#### WHAT YOU HAVE TO DO
Using the entries that follow, give only the number of lines with the word "high" in them.

(Stored data)
________________________________________

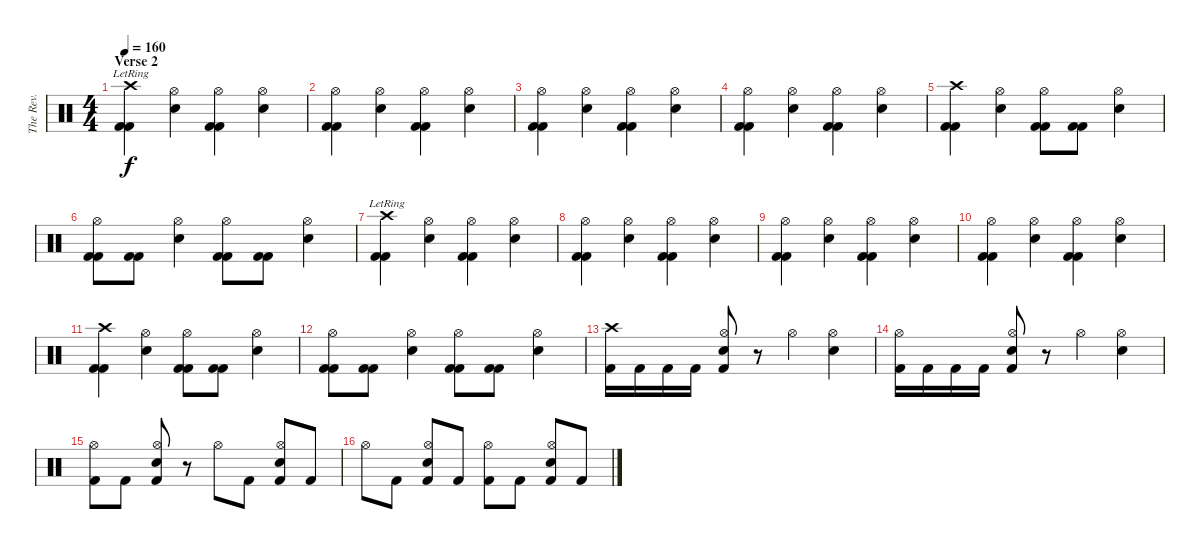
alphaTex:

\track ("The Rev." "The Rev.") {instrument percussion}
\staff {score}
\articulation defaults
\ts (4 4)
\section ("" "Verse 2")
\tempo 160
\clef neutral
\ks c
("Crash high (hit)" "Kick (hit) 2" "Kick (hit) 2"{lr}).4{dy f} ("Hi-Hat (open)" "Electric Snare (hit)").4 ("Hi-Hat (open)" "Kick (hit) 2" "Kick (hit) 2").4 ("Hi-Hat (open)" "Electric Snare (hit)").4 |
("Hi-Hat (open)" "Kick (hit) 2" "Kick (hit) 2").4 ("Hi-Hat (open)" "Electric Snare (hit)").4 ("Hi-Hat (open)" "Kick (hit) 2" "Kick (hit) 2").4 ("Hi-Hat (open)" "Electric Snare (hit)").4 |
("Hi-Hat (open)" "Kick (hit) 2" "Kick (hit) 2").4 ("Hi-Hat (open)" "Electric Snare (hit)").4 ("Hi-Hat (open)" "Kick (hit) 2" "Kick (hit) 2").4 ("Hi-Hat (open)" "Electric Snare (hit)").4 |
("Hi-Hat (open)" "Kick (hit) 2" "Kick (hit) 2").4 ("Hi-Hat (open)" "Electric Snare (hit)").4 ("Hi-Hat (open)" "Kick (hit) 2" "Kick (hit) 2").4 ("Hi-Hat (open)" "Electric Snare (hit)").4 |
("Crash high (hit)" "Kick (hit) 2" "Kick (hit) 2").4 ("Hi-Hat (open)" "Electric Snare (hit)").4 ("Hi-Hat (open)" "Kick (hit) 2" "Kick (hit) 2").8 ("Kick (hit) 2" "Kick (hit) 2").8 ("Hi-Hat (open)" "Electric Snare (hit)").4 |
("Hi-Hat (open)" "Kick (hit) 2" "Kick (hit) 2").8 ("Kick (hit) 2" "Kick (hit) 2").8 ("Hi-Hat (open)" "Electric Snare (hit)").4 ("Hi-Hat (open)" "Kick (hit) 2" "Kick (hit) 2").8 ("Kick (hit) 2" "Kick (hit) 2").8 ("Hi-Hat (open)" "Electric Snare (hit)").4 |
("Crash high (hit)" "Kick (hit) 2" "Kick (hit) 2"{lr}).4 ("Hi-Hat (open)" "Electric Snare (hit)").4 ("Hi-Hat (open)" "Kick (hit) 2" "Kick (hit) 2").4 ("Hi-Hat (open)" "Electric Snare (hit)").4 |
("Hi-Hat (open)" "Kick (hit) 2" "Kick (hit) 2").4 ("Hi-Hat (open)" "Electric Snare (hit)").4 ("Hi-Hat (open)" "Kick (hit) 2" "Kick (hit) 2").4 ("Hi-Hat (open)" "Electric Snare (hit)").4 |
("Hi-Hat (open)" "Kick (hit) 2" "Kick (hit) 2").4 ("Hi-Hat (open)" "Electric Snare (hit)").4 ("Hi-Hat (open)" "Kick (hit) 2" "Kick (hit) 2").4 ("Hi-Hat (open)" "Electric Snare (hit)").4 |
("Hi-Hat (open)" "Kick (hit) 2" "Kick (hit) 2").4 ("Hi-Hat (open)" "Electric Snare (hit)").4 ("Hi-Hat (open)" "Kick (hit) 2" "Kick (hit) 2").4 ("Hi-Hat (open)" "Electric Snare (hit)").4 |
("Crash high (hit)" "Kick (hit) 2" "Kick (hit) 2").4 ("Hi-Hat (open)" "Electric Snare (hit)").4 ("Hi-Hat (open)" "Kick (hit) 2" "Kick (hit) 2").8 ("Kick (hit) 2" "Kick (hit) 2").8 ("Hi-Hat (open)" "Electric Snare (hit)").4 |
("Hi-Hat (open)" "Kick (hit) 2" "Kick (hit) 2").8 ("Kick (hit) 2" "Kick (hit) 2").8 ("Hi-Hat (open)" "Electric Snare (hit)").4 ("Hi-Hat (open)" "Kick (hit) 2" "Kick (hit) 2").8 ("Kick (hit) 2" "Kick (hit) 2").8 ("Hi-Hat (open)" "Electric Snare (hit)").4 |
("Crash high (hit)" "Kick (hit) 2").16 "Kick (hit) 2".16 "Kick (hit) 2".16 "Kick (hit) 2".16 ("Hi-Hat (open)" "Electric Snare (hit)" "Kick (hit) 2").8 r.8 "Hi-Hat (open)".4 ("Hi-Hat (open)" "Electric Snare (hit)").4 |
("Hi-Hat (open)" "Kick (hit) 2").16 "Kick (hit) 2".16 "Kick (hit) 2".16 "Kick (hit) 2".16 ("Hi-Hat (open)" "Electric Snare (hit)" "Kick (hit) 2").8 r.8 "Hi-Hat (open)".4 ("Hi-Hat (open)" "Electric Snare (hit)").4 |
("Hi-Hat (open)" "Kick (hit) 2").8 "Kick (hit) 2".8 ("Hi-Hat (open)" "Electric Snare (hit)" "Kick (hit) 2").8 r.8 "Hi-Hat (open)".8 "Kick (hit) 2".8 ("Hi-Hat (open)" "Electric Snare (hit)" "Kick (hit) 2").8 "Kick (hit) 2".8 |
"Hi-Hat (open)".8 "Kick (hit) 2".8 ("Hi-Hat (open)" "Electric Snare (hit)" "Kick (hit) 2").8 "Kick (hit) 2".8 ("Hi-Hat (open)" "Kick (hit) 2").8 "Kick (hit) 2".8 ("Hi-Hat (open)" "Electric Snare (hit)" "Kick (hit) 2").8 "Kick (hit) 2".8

________________________________________

#### RESULT OF THIS EXERCISE
5